Information supplied:
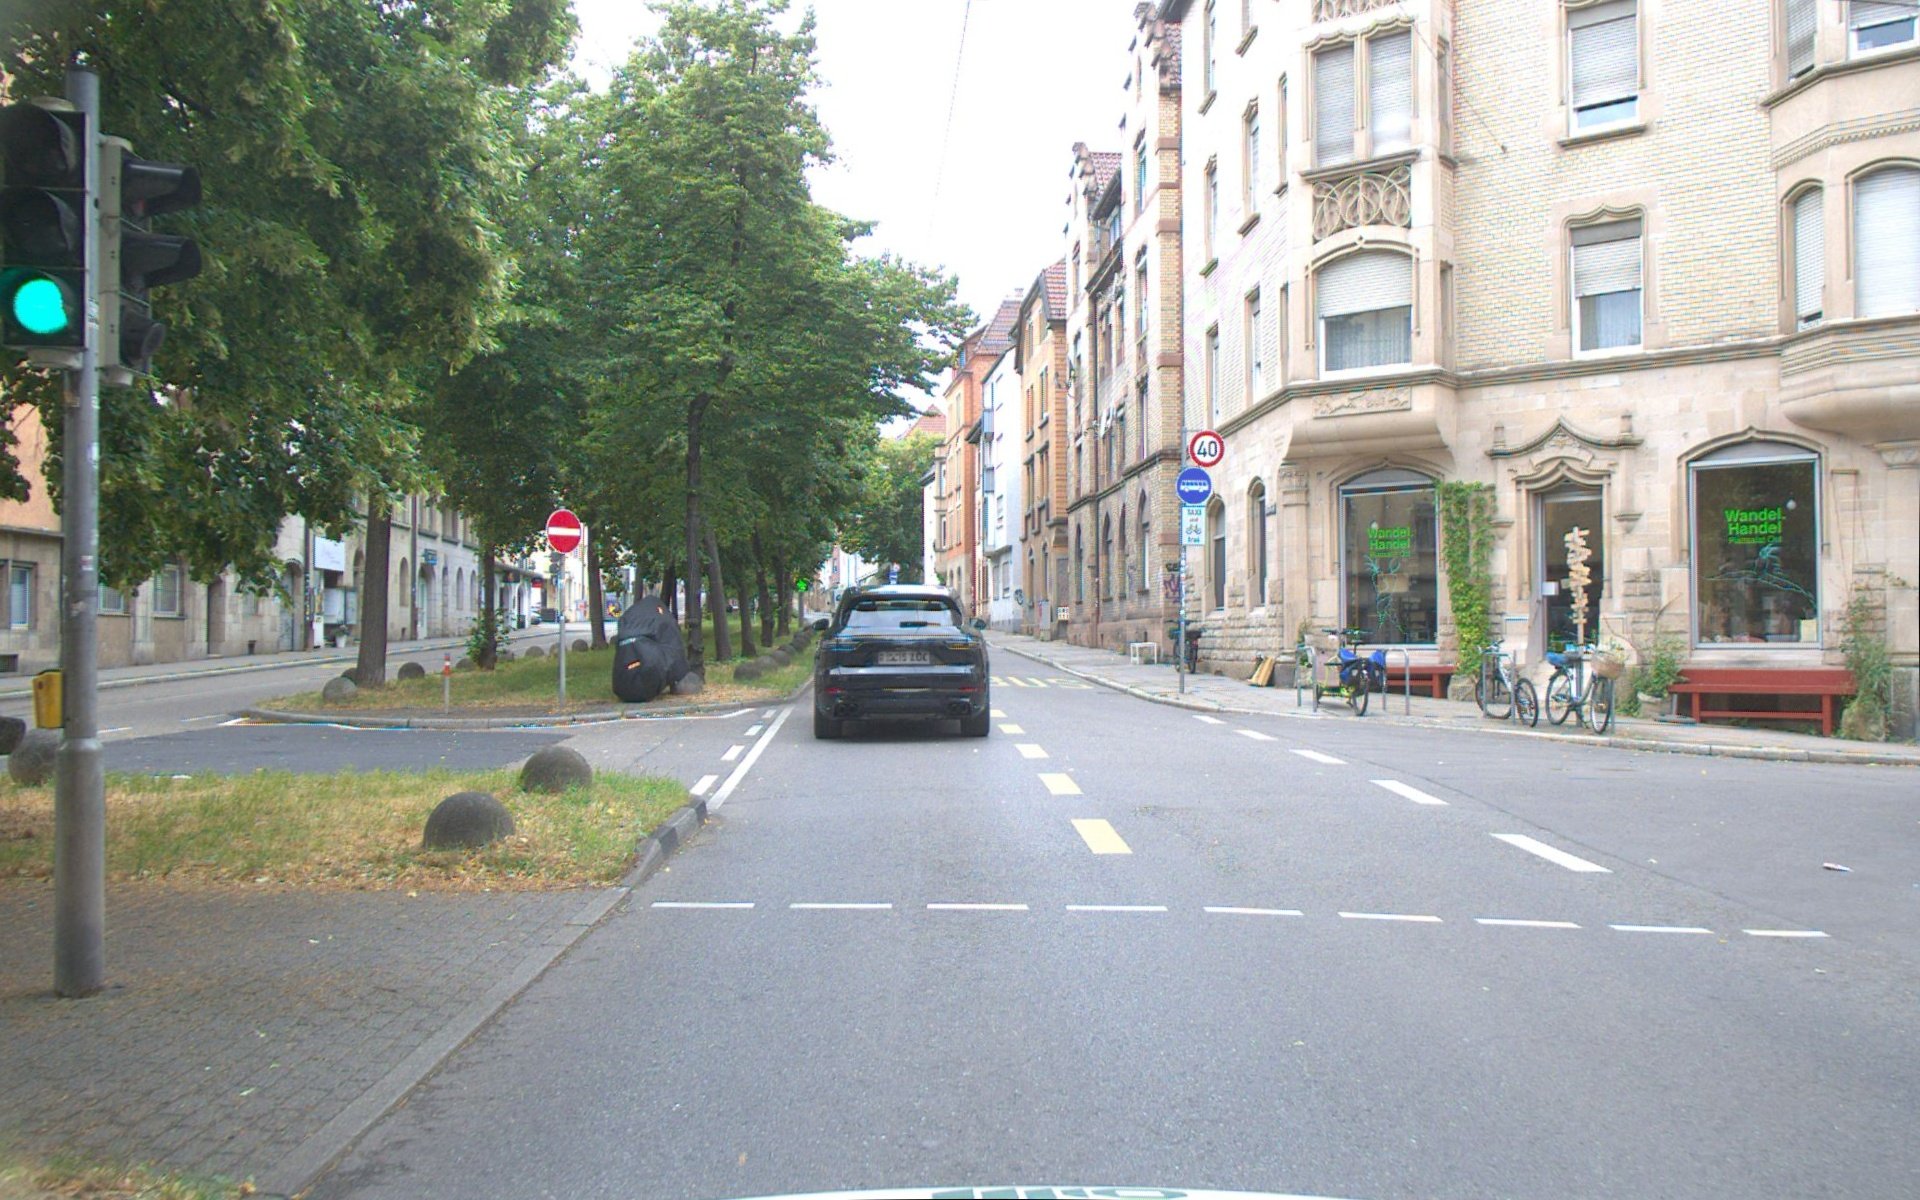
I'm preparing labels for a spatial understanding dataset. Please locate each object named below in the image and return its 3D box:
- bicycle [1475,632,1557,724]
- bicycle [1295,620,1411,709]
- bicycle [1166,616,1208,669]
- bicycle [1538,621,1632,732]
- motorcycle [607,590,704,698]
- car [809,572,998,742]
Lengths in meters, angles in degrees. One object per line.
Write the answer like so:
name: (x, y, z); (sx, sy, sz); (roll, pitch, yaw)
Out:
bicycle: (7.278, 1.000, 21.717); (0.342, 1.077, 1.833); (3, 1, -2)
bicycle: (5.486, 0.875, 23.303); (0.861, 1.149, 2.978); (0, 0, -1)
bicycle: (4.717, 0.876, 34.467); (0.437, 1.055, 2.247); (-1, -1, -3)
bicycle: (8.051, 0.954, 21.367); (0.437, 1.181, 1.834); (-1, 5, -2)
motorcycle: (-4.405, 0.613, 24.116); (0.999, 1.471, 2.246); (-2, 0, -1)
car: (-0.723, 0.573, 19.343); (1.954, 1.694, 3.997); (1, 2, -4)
* * *
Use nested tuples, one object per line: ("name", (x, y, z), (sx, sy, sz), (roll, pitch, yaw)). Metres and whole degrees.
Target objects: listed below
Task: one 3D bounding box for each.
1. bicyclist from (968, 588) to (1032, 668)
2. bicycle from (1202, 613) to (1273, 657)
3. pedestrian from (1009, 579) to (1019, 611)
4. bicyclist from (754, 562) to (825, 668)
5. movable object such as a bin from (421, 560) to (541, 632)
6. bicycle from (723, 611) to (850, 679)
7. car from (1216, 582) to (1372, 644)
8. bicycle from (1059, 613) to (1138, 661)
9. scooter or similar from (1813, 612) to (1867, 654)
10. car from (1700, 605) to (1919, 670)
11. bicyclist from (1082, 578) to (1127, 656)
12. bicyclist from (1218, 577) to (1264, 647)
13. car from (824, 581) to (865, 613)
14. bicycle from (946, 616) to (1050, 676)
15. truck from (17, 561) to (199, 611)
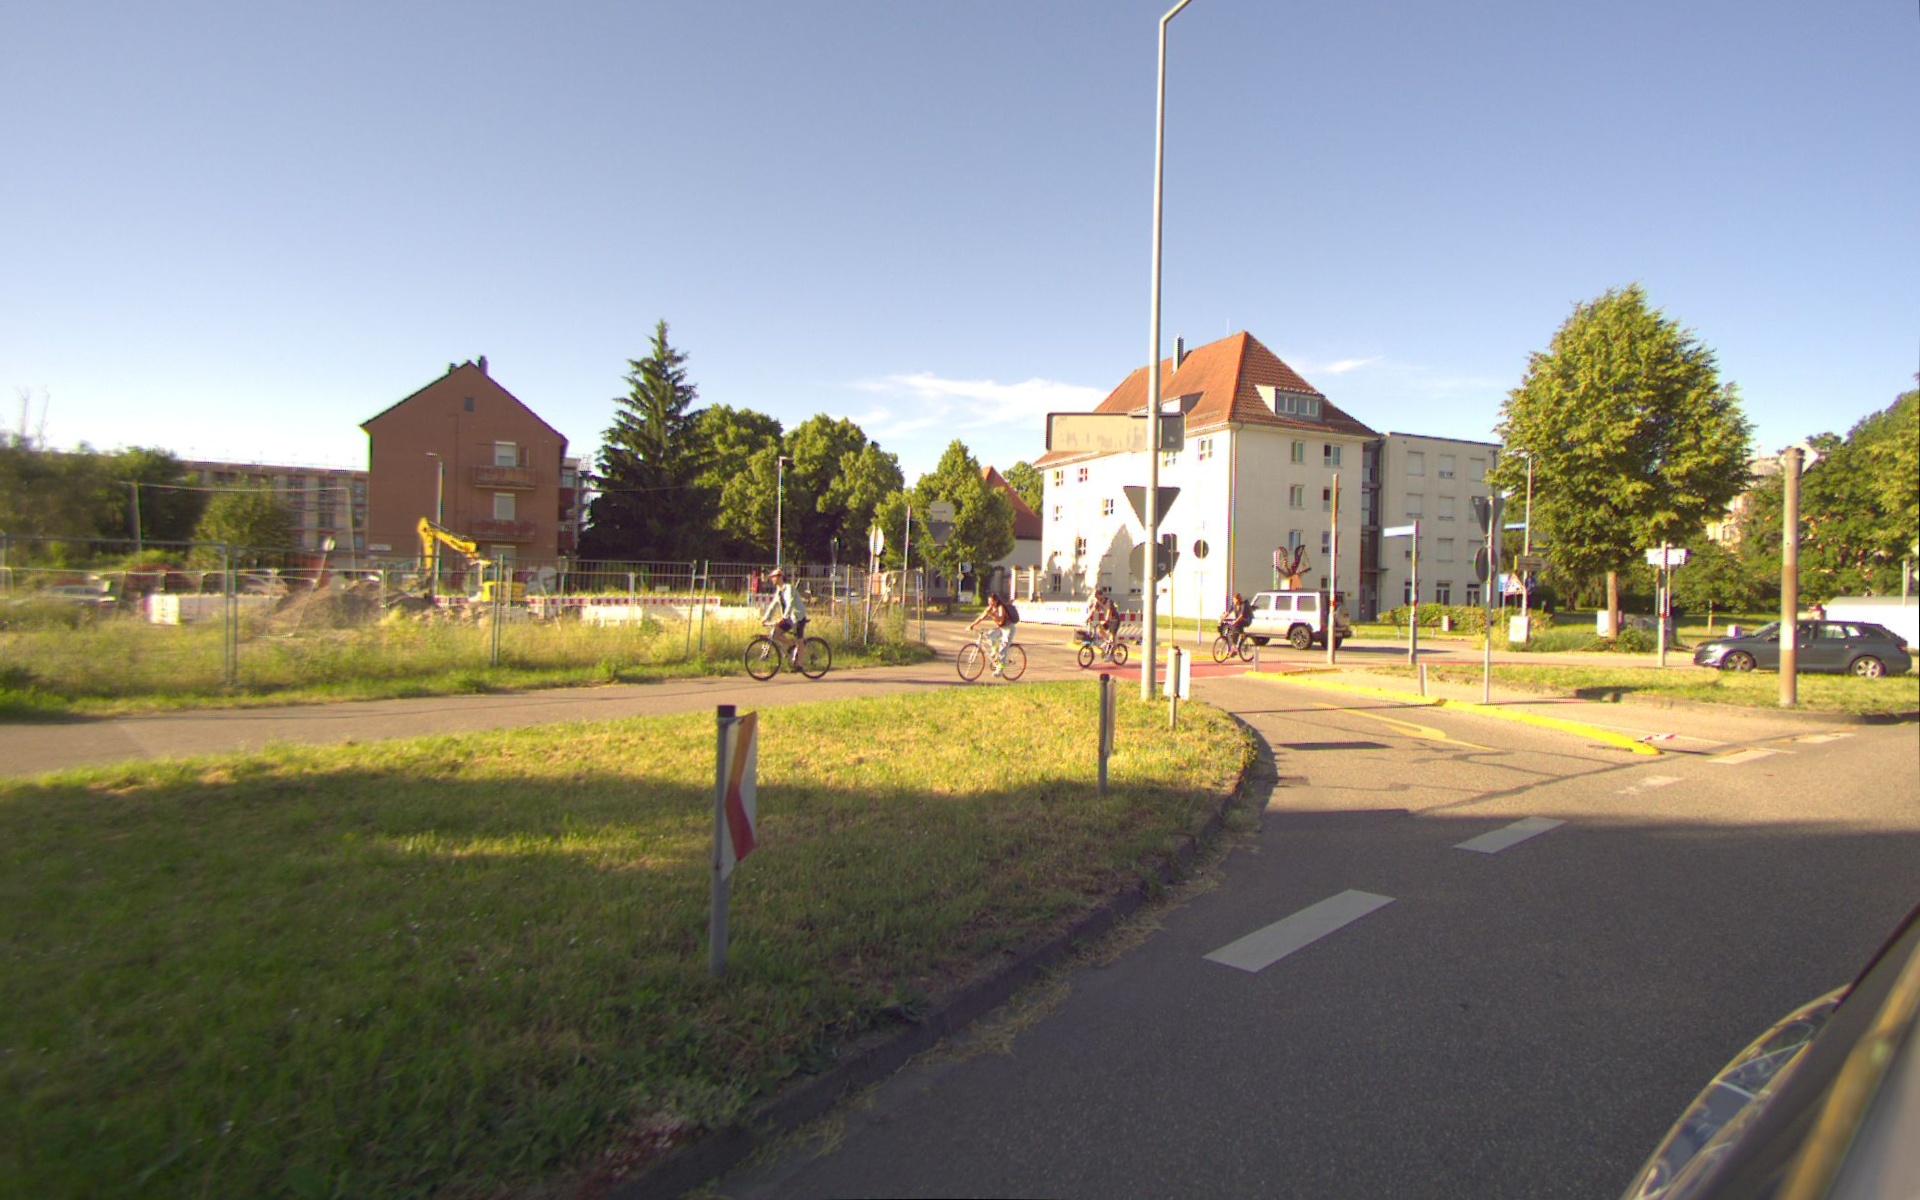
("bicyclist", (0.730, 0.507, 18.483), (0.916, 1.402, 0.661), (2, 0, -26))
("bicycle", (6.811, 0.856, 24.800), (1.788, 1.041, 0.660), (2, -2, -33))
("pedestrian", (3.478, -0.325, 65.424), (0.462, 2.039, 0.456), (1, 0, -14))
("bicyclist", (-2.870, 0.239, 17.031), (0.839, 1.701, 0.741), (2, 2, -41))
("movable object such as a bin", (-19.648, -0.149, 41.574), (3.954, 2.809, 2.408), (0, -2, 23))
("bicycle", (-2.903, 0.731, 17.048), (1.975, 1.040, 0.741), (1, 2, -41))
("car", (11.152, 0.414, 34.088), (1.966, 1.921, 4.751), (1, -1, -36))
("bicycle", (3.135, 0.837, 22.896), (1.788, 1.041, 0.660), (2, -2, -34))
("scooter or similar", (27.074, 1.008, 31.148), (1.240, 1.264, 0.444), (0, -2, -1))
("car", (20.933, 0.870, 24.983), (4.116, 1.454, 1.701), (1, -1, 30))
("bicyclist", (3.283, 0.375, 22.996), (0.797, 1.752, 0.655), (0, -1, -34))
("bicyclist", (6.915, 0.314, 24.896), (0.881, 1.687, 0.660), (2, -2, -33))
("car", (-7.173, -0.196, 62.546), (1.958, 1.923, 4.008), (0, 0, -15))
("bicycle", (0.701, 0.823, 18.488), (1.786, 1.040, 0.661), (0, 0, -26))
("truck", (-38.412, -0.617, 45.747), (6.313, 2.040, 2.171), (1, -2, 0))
* * *
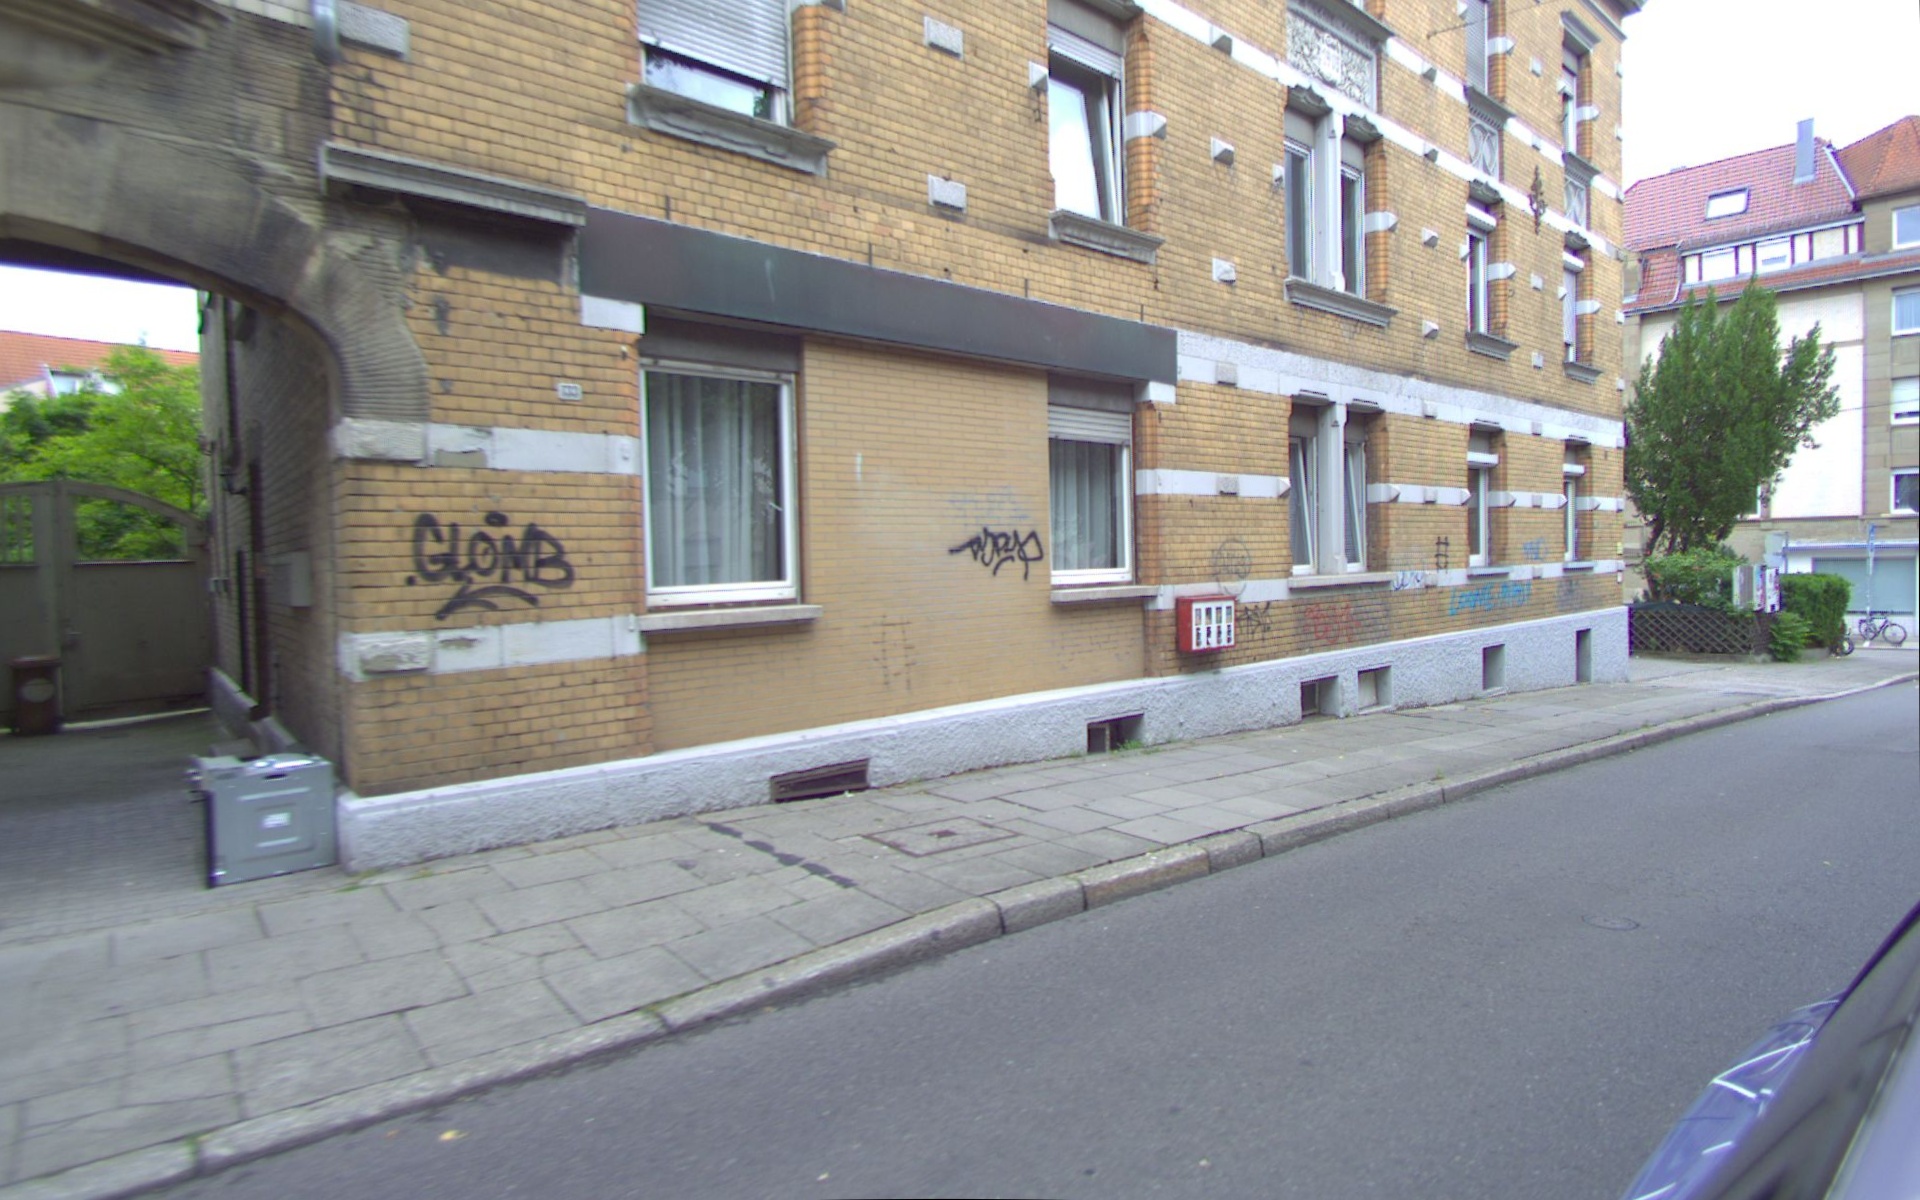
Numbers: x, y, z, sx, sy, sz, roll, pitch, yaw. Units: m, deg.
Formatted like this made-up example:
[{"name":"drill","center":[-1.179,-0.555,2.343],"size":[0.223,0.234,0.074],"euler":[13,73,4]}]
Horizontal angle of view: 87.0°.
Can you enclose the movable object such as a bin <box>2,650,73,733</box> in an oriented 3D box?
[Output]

Exercise: As listed above, the lines from the line with "2. bicycle from (1202, 613) to (1273, 657)" to the line with "14. bicycle from (946, 616) to (1050, 676)" are to be echoed exactly, with both ends included and nothing added.

Solution:
2. bicycle from (1202, 613) to (1273, 657)
3. pedestrian from (1009, 579) to (1019, 611)
4. bicyclist from (754, 562) to (825, 668)
5. movable object such as a bin from (421, 560) to (541, 632)
6. bicycle from (723, 611) to (850, 679)
7. car from (1216, 582) to (1372, 644)
8. bicycle from (1059, 613) to (1138, 661)
9. scooter or similar from (1813, 612) to (1867, 654)
10. car from (1700, 605) to (1919, 670)
11. bicyclist from (1082, 578) to (1127, 656)
12. bicyclist from (1218, 577) to (1264, 647)
13. car from (824, 581) to (865, 613)
14. bicycle from (946, 616) to (1050, 676)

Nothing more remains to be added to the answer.